-- Work request --
State how many lines below hold the word "pixels". Give that number and no other text.

-- Records for the task --
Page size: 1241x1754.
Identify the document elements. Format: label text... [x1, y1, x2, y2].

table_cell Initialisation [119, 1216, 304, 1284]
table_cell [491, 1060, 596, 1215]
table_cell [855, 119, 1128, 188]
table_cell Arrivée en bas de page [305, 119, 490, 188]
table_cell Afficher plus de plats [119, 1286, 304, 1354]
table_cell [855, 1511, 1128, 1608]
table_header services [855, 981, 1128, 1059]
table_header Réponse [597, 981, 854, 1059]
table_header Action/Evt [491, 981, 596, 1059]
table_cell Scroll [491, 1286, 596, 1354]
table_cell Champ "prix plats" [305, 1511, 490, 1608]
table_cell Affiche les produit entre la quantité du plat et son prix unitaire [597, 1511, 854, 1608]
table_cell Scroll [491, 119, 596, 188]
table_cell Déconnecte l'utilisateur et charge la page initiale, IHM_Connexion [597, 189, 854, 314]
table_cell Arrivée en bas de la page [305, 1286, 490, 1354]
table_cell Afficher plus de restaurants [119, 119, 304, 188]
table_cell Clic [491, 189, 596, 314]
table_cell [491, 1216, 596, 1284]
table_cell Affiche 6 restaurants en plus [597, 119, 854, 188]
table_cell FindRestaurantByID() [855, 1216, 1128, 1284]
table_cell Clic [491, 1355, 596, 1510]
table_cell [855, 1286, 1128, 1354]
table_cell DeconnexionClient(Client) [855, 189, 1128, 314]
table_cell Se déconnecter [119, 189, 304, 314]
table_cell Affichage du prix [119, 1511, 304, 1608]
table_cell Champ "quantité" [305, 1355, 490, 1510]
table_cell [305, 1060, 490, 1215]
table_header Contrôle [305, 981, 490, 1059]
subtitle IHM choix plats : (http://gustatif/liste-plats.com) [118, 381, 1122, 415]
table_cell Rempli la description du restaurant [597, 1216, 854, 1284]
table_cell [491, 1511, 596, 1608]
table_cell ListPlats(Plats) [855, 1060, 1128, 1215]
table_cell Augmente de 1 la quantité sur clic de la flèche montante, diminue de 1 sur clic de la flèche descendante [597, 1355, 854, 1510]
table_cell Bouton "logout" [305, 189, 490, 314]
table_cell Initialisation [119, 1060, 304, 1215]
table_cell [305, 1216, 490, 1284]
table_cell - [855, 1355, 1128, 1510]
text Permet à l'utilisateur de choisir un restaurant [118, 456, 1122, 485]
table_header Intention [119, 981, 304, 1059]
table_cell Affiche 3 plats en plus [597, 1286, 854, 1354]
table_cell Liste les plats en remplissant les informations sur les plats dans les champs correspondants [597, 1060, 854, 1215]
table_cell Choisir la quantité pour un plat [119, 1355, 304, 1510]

* * *

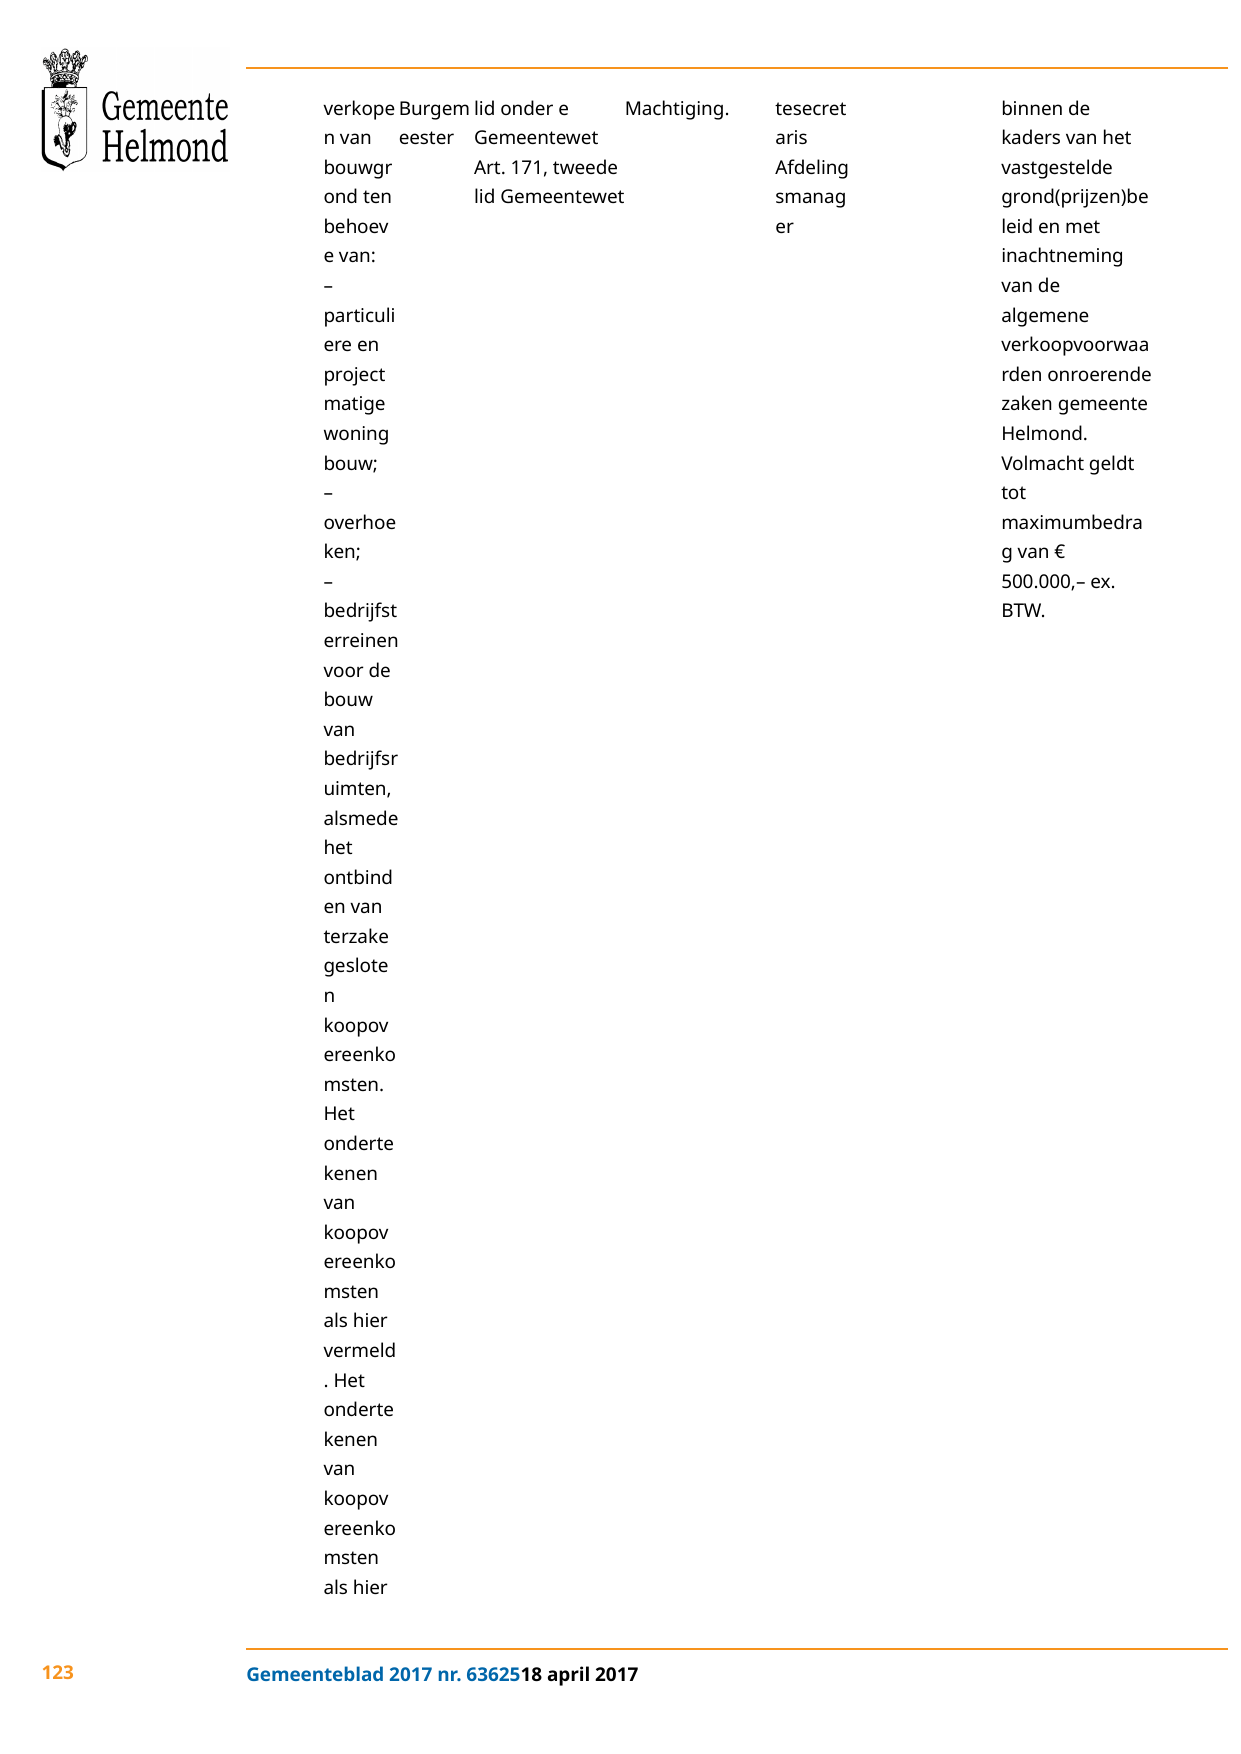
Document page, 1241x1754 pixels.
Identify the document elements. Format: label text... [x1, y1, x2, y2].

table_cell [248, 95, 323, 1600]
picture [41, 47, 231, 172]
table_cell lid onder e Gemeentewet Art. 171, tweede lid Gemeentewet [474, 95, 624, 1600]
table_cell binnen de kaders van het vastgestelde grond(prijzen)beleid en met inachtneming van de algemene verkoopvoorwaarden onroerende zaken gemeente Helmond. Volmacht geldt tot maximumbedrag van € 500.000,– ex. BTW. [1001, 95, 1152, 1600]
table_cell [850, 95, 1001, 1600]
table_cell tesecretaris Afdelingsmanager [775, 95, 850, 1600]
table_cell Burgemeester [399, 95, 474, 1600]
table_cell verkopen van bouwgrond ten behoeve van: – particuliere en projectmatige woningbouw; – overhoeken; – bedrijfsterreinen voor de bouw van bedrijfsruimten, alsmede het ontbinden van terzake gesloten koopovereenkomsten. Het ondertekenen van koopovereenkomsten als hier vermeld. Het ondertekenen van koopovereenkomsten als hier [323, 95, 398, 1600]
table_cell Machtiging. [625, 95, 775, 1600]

---

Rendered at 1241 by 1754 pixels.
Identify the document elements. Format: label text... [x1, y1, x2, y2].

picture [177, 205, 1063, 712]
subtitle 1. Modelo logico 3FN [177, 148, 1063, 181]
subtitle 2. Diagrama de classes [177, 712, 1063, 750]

-- Answer to this problem --
2